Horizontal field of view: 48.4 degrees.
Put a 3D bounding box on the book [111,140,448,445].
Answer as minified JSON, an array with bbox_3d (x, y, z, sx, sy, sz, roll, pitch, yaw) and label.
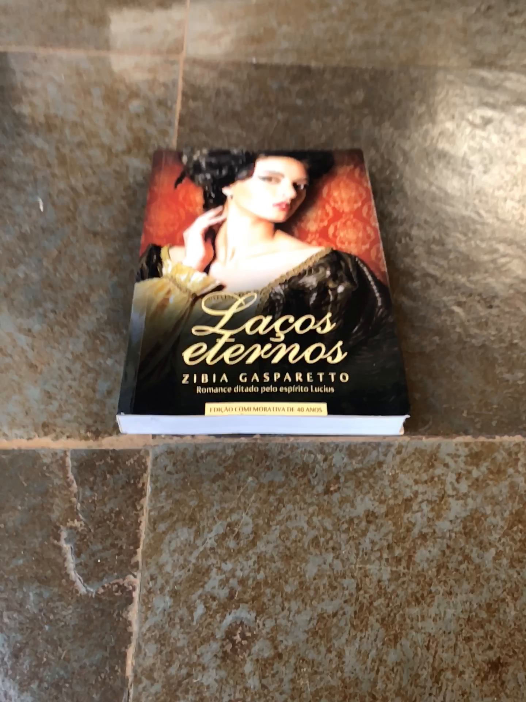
[{"bbox_3d":[0.005,-0.045,0.336,0.153,0.027,0.205,1,54,-4],"label":"book"}]
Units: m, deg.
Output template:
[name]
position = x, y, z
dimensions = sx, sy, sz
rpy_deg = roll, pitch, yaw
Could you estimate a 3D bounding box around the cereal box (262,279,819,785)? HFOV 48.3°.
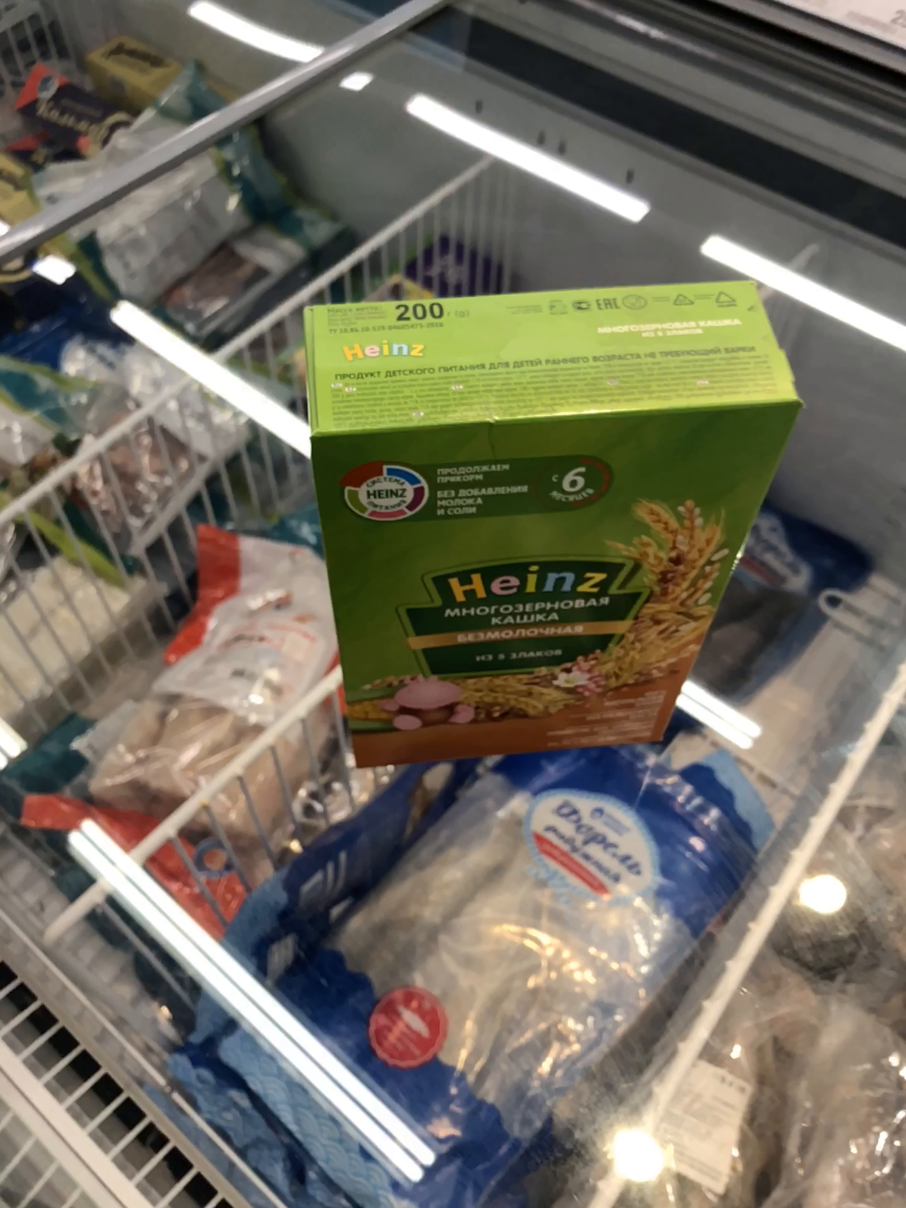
[cereal box]
position = 0.020, -0.009, 0.348
dimensions = 0.140, 0.199, 0.050
rpy_deg = -4, 56, -4
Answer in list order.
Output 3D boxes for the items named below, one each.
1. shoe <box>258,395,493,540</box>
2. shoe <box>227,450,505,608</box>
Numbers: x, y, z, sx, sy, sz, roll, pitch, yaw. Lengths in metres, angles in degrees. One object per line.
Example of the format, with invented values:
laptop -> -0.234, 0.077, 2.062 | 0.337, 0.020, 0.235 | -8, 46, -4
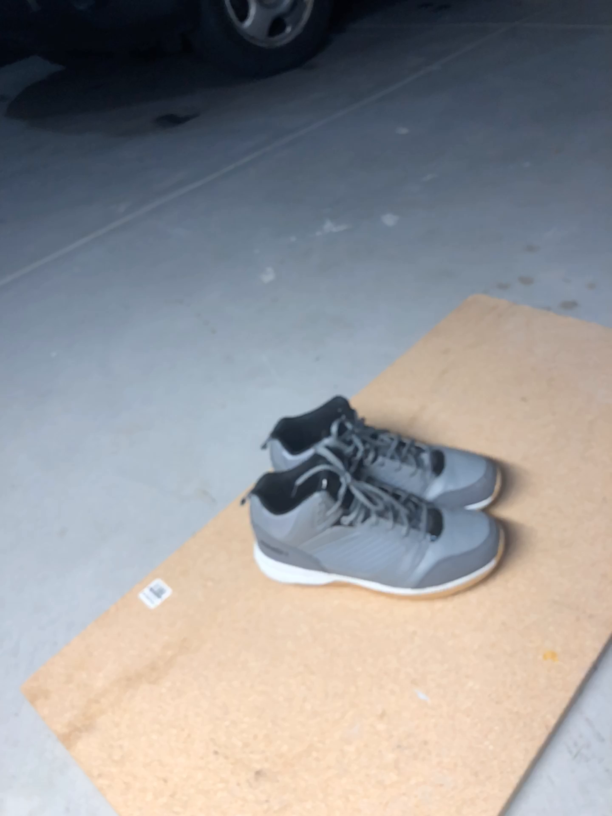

* Directions
Repeat only the lines between the start of the data and the line with "rpy_deg = roll, pitch, yaw", including those two lines, and skip the pictures.

* Answer to the problem
Horizontal field of view: 48.4 degrees.
Put a 3D bounding box on the book [111,140,448,445].
Answer as minified JSON, an array with bbox_3d (x, y, z, sx, sy, sz, roll, pitch, yaw) and label.
[{"bbox_3d":[0.005,-0.045,0.336,0.153,0.027,0.205,1,54,-4],"label":"book"}]
Units: m, deg.
Output template:
[name]
position = x, y, z
dimensions = sx, sy, sz
rpy_deg = roll, pitch, yaw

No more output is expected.